As far as practical software decoding outside of battery-powered video, can I just point at webassembly? Especially the upcoming version with vector instructions. You could use normal webassembly, or even an extra-restricted version. It gets pretty good performance, and when you remove its ability to talk to the outside world it goes from pretty good to extremely good security.
> The container format would be decoded by a sandboxed codec that can be found by decoding the container?
The container parser would not be dynamically downloaded, and may or may not be sandboxed.
We don't need a new container with almost every codec. We just need the new codec itself.
> WebAssembly codecs indeed exist, and they are impractical due to a lack in performance.
Mostly because they don't have vector instructions yet, I bet. But plenty of webassembly is within 50% of native, which is good enough for lots of things, which includes image decoding for sure.
So now container decoders have been magically vetted and secured so they don’t need the sandbox. Which is quite surprising considering most vulnerabilities in streams are in the container decoders and their multitude of hardly used features, but okay.
The challenge remains for you to actually provide the codec you describe. Which a few comments ago was trivial because it was a hardware codec anyway, now it’s just a bit of WebAssembly away. Well that should be trivial because cross compilers to WebAssembly exist. So why don’t you just provide a few real world examples? Your probably not the first to think of these ideas, there has to be a reason why it hasn’t been done yet.
> So now container decoders have been magically vetted and secured so they don’t need the sandbox.
Not "magically". But you only need one or two, and they don't need to be very fast, so you can put a lot of effort into making them secure.
But more importantly, browsers already have many container decoders.

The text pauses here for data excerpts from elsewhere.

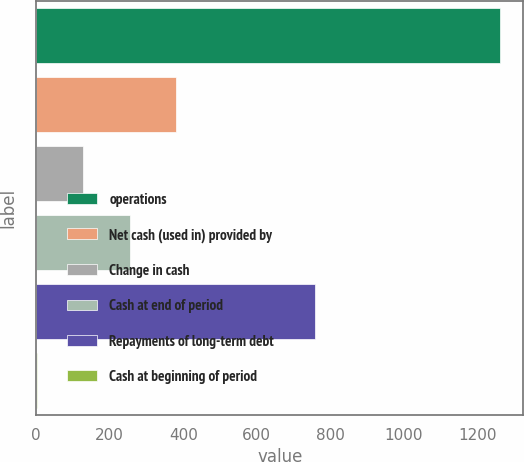Convert chart. <chart><loc_0><loc_0><loc_500><loc_500><bar_chart><fcel>operations<fcel>Net cash (used in) provided by<fcel>Change in cash<fcel>Cash at end of period<fcel>Repayments of long-term debt<fcel>Cash at beginning of period<nl><fcel>1262<fcel>380<fcel>128<fcel>254<fcel>758<fcel>2<nl></chart> 
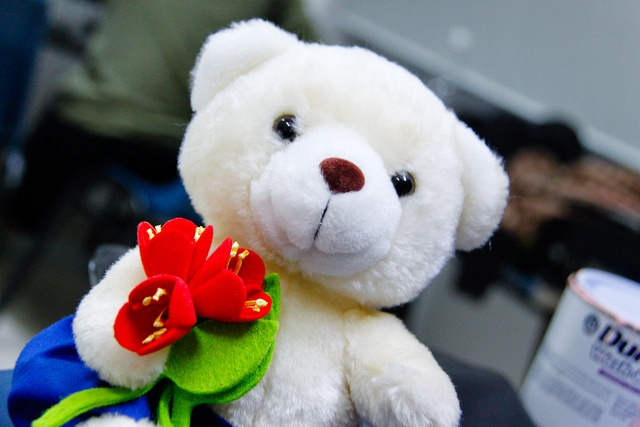Describe the objects in this image and their specific colors. I can see teddy bear in navy, lightgray, darkgray, red, and black tones and people in navy, black, gray, and darkgreen tones in this image. 
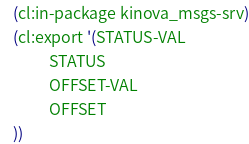Convert code to text. <code><loc_0><loc_0><loc_500><loc_500><_Lisp_>(cl:in-package kinova_msgs-srv)
(cl:export '(STATUS-VAL
          STATUS
          OFFSET-VAL
          OFFSET
))</code> 
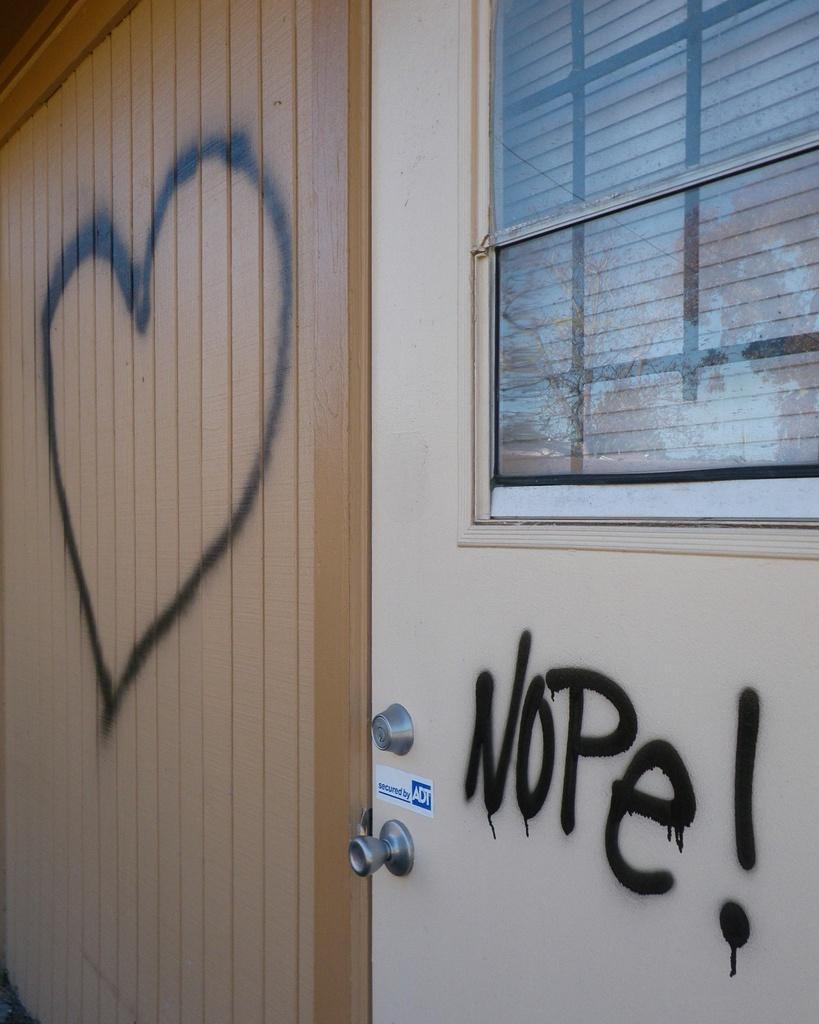Describe this image in one or two sentences. In the center of the image there is a door and we can see a window. On the left there is a wall and we can see a graffiti on the wall. 
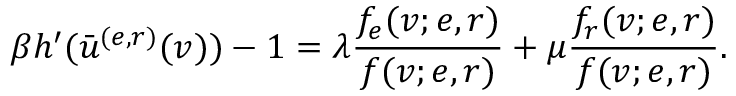Convert formula to latex. <formula><loc_0><loc_0><loc_500><loc_500>\beta h ^ { \prime } ( \bar { u } ^ { ( e , r ) } ( v ) ) - 1 = \lambda \frac { f _ { e } ( v ; e , r ) } { f ( v ; e , r ) } + \mu \frac { f _ { r } ( v ; e , r ) } { f ( v ; e , r ) } .</formula> 
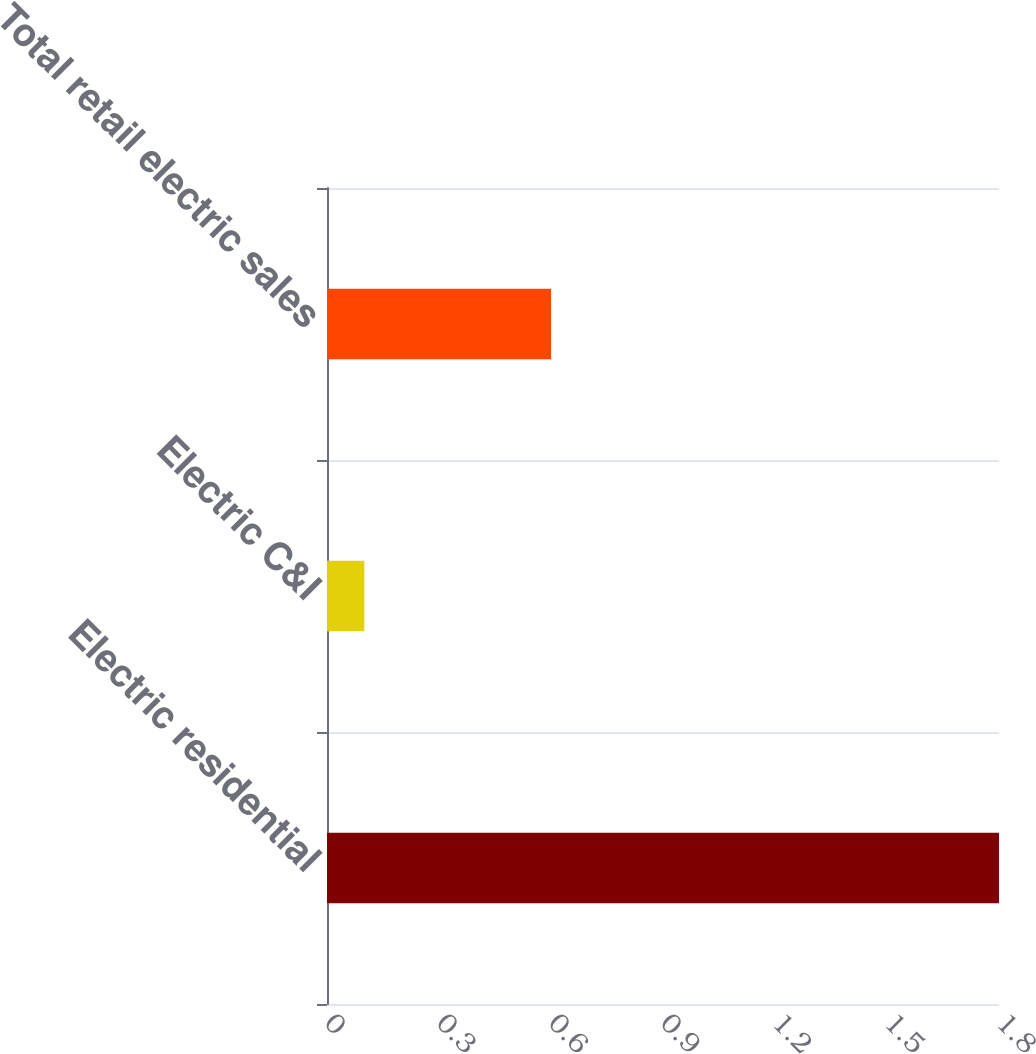Convert chart. <chart><loc_0><loc_0><loc_500><loc_500><bar_chart><fcel>Electric residential<fcel>Electric C&I<fcel>Total retail electric sales<nl><fcel>1.8<fcel>0.1<fcel>0.6<nl></chart>

This is not an expansion in attack surface. The goal here is allowing a lot more codecs compared to current browsers without a significant increase in attack surface compared to current browsers. Pointing out flaws that already exist doesn't disqualify the idea.

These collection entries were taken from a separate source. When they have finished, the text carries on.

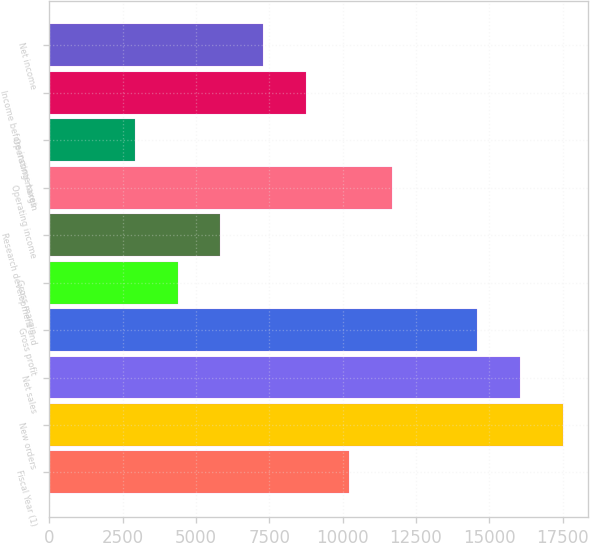Convert chart to OTSL. <chart><loc_0><loc_0><loc_500><loc_500><bar_chart><fcel>Fiscal Year (1)<fcel>New orders<fcel>Net sales<fcel>Gross profit<fcel>Gross margin<fcel>Research development and<fcel>Operating income<fcel>Operating margin<fcel>Income before income taxes<fcel>Net income<nl><fcel>10211.7<fcel>17505.5<fcel>16046.8<fcel>14588<fcel>4376.68<fcel>5835.44<fcel>11670.5<fcel>2917.92<fcel>8752.96<fcel>7294.2<nl></chart> 
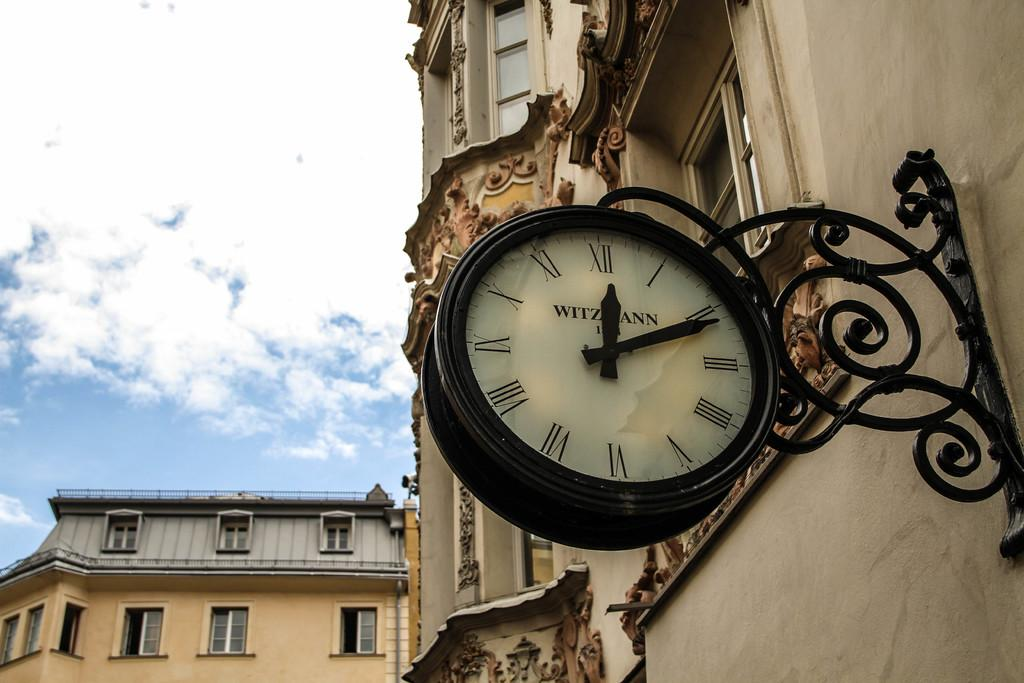<image>
Describe the image concisely. A black clock on a wall outside has the letter w on it. 
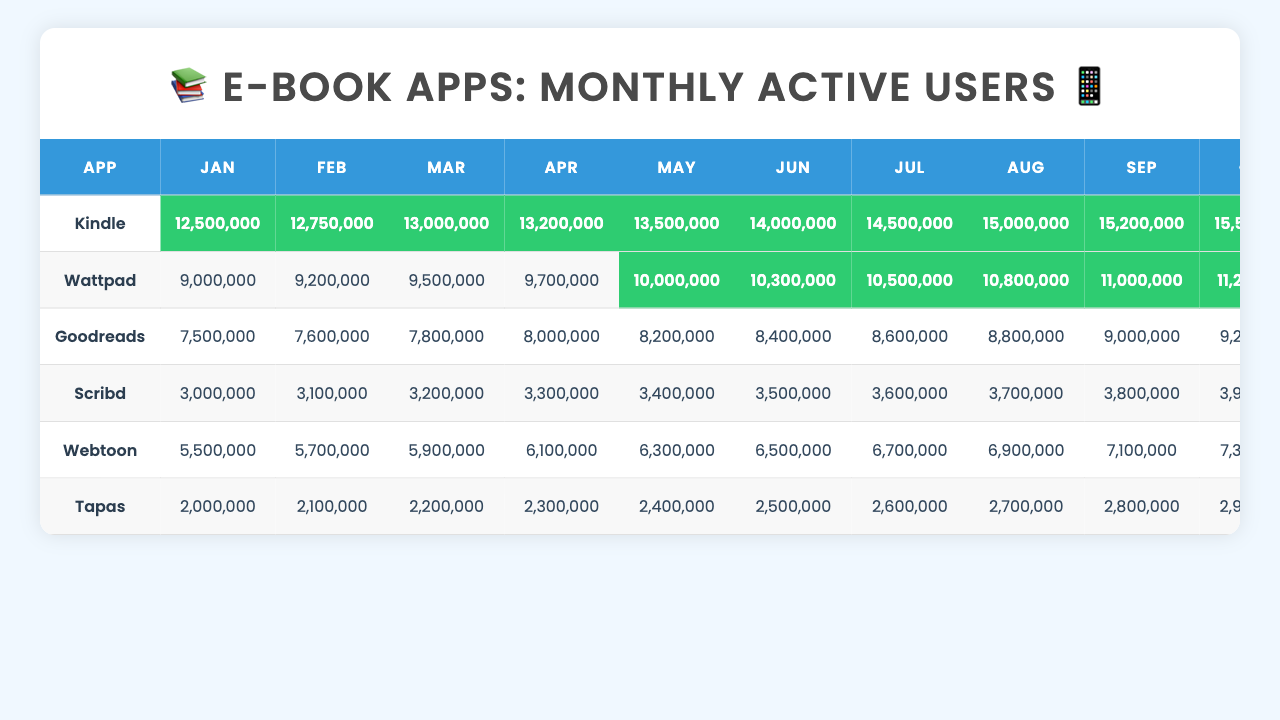What was the month with the highest active users for Kindle? Looking at the table, the highest number of active users for Kindle occurred in December, where the count reached 16,000,000.
Answer: December Which app showed consistent growth month-to-month? By examining the user counts month by month, it’s clear that all apps showed growth; however, Kindle had the most consistent upward trend throughout the entire year, starting from 12,500,000 in January and reaching 16,000,000 in December.
Answer: Kindle Did Wattpad surpass 11 million users in any month? Yes, Wattpad exceeded 11 million users for the first time in October, where it reached 11,200,000 users.
Answer: Yes What is the average number of active users for Goodreads over the year? To find the average, sum all user counts (7,500,000 + 7,600,000 + 7,800,000 + ... + 9,600,000 = 94,000,000) and then divide by 12 (the number of months), resulting in an average of approximately 7,833,333.
Answer: 7,833,333 In which month did Scribd see the lowest user count? Checking the table, Scribd had its lowest active user count in January, with 3,000,000 users.
Answer: January What is the total number of users for Webtoon over the year? By adding the user counts for each month (5,500,000 + 5,700,000 + 5,900,000 + ... + 7,700,000 = 76,300,000), we find that the total user count for Webtoon is 76,300,000.
Answer: 76,300,000 Which app had the fewest users in June? In June, Tapas had the fewest users at 2,500,000 compared to the other apps present in the table.
Answer: Tapas How much did the number of users for Kindle increase from January to December? The increase can be calculated as 16,000,000 (December) - 12,500,000 (January) = 3,500,000, indicating a growth of 3,500,000 users from the beginning to the end of the year.
Answer: 3,500,000 Is Scribd the least used app at the end of the year? Yes, by the end of December, Scribd had 4,100,000 active users, which is lower than all other apps listed in the table.
Answer: Yes How many more users did Wattpad have than Goodreads in November? In November, Wattpad had 11,400,000 users while Goodreads had 9,400,000. The difference is 11,400,000 - 9,400,000 = 2,000,000, indicating that Wattpad had 2,000,000 more users than Goodreads.
Answer: 2,000,000 Which app consistently had over 10 million users every month from June to December? Looking through the data, both Kindle and Wattpad consistently had over 10 million users from June to December.
Answer: Kindle and Wattpad

> So why don’t you just provide a few real world examples? Your probably not the first to think of these ideas, there has to be a reason why it hasn’t been done yet.
Image decoders in webassembly already exist. Did you even look? Including JXL!
Video decoding needs more support structure in the browser, and I already said some decoders need things that are being added to webassembly but aren't done yet. Even then, the first google result for "av1 webassembly" is a working decoder from five years ago.
You no longer need "printer drivers", they're supposed to be automatically downloaded, installed and ran in a sandbox. You never need any "new drivers". The system will support any printer.
Except the "sandbox" was pretty weak and full of holes.
> Except the "sandbox" was pretty weak and full of holes.
Nothing prevents you from installing only the trusted ones.
Second, software is getting so complicated that if we don't build secure sandboxes anyway then at some point people will be bitten by a supply chain attack.
Is this because almost all AV decoders use libffmpeg or a fork thereof; where libffmpeg is basically an "uber-library" that supports all interesting AV formats and codecs; and therefore you can expect ~everything to get support for a new codec whenever libffmpeg includes it (rather than some programs just never ending up supporting the codec)?
If so — is there a reason that there isn't a libffmpeg-like uber-library for image formats+codecs?